Лидия Чуковская
В лаборатории редактора
Книга эта – не учебник по редактированию. Учебных задач я перед собой не ставлю, да и вряд ли овладению искусством в какой-либо степени может служить какой бы то ни было учебник. Задача книги иная: мне просто захотелось разобраться в опыте, накопленном мною и моими ближайшими товарищами, собрать и обобщить его, ввести читателя в круг тех мыслей, тех тревог и вопросов, на которые мне приходилось наталкиваться в течение трех десятилетий литературной работы.
Круг этот мною умышленно сужен, и я редко выхожу за его пределы. Приемы редактирования многообразны – я и не пытаюсь описать или хотя бы перечислить их все. Не желая «обнимать необъятное», я описываю и обобщаю в основном лишь тот опыт, который наблюдала непосредственно, в осуществлении которого сама принимала участие. Об иных навыках и приемах редакторской деятельности, об иной практике подробно пусть напишут другие. В литературной среде много толкуют о редакторской деятельности, однако в силу прочно укоренившейся традиции редко о ней пишут. И напрасно. Работе редактора, ответственной и сложной, пора стать предметом пристального, серьезного, разностороннего изучения.
Редактируя художественное произведение, советский редактор помнит, что задачи идеологические решаются в этой области художественными средствами; вот почему в этой книге нет глав, специально посвященных задачам идеологическим: демонстрируя поправки и советы редактора, я нигде не разлучаю работу над образами, языком, стилем с работой идейной, а пытаюсь показать идеологию и художество в живом единстве. При этом я, разумеется, имею в виду, что рукописи идейно чуждые остаются за пределами редакторского портфеля.
В книге много цитат. Я в изобилии цитирую высказывания мастеров искусства и привожу, для иллюстрации, длинные отрывки из прозы классической и современной. Изобилие сознательное. Книга о редакторском труде не может не быть в известной мере и книгой о труде писателя – я нарочно пользуюсь каждым случаем, чтобы привести суждения мастеров [1]. Характерные же примеры из рукописных текстов самого разного качества я привожу для того, чтобы читатель не был обречен брать мои суждения и оценки на веру, а работал бы вместе со мной, идя с моей мыслью шаг в шаг, принимая или отвергая ее.
Февраль 1960
Глава первая
Новооткрытая сила
Двадцать четвертого сентября 1890 года Владимир Галактионович Короленко записал у себя в дневнике:
«Опять самородок и опять – неудачник! Господи, сколько этих бедных русских самородков, и как они несчастны! Пока я читал его стихи, он страстным, каким-то жгучим взглядом впился в мое лицо. Мой отзыв оказался не особенно благоприятным. Несмотря на то, что он начал с заявления, что сам он считает свои стихи никуда не годными (все они так начинают), – он все-таки страстно опровергал все мои указания.

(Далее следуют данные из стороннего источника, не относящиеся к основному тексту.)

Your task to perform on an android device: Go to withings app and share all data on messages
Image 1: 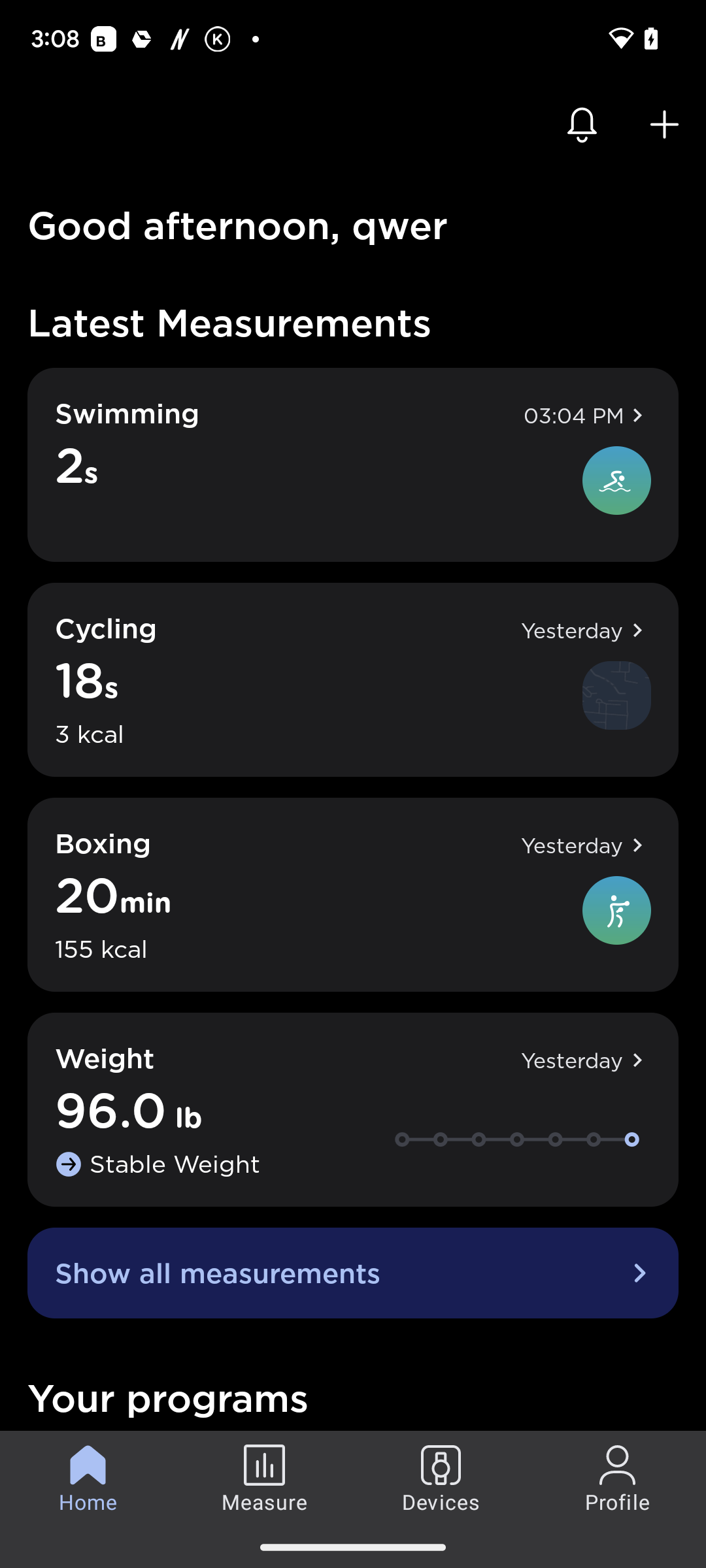
Click on cycling below swimming in the middle of the screen
Step 1: click (277, 628)
Image 2: 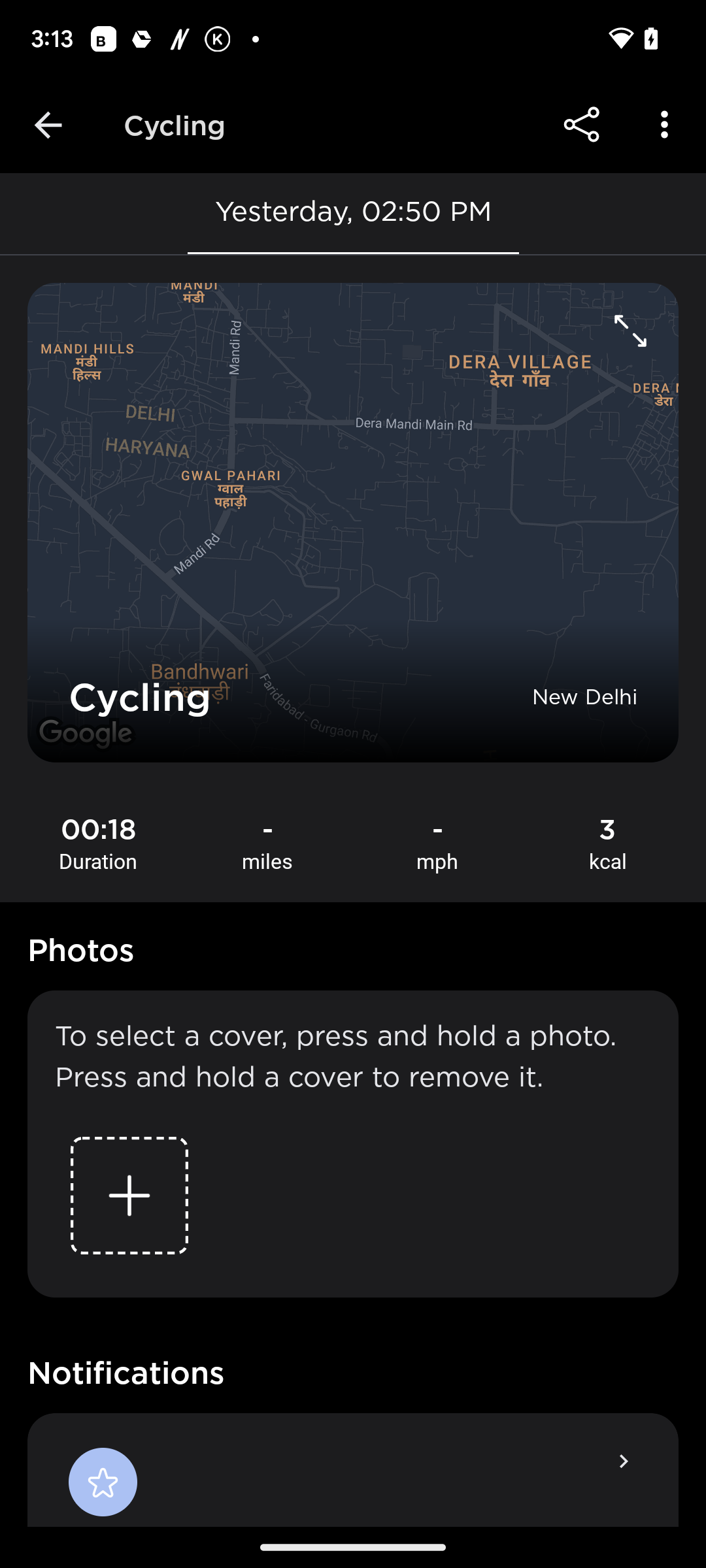
Click on the share icon at the top right side of the screen
Step 2: click (581, 125)
Image 3: 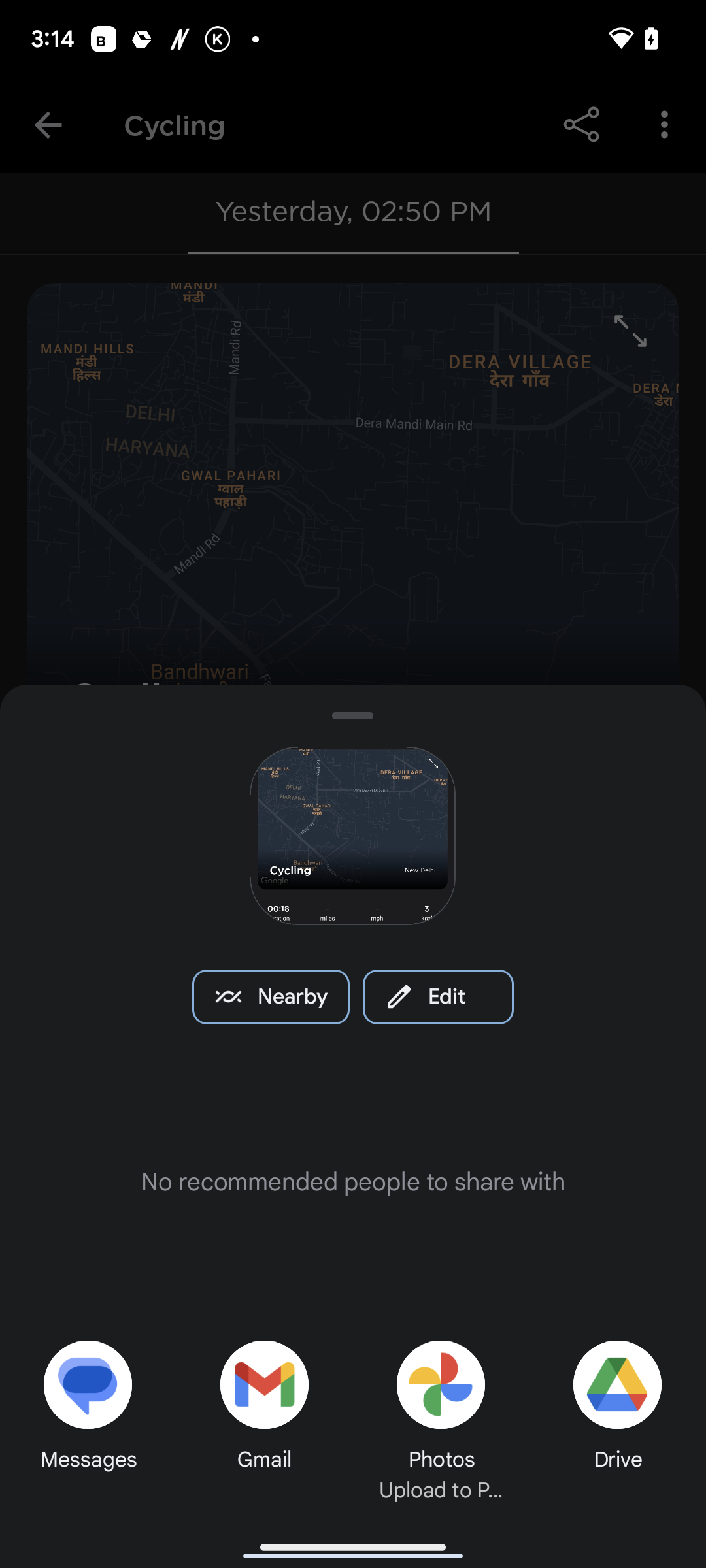
Click on the first option at the bottom of the screen
Step 3: click (83, 1400)

– А все-таки, – закончил он с горечью, – от кочегара до этого – дорожка дальняя… Пробейтесь-ка…
Да, трагическая судьба! Чувствовать в себе такой запас сил, который других выносит далеко и высоко, и знать, что всех его усилий хватило лишь затем, чтобы пробиться от кочегара – до плохого стихотворца. И лишь оттого, что обстоятельства сложились неблагоприятно. Сила таланта ушла на борьбу с безграмотностью, на то, что другим дается еще в детстве, без усилий, готовым» [2].
«Да, трагическая судьба!» Глубоко понимал трагизм подобных судеб и М. Горький. В 1911 году он задумал организовать «Общество для помощи писателям-самоучкам». («Имею в виду помощь, главным образом, моральную» [3], – разъяснял он.) «Я корплю над этим делом более десяти лет, – писал он одному из своих корреспондентов, – и – поверьте – на моих глазах погасло много светлых душ, которые обещали разгореться очень ярко и красиво. И погасли они лишь потому, что вовремя никто не помог, не поддержал. В бедной нашей стране надо беречь людей – не правда ли? Побережемте. Да и хороши люди, стоят больших забот» [4].
Горький на себе испытал, как труден путь самоучки, как важно, чтобы человека, собственными силами пробивающегося к знанию и к искусству, вовремя поберегли, поддержали. Всю жизнь помнил он свою встречу с Короленко – тот день, когда сам он, тогда еще безвестный и неумелый, попал в умные, твердые, добрые, надежные руки.
«Он очень много сделал для меня, многое указал, многому научил» [5], – говорил впоследствии Алексей Максимович.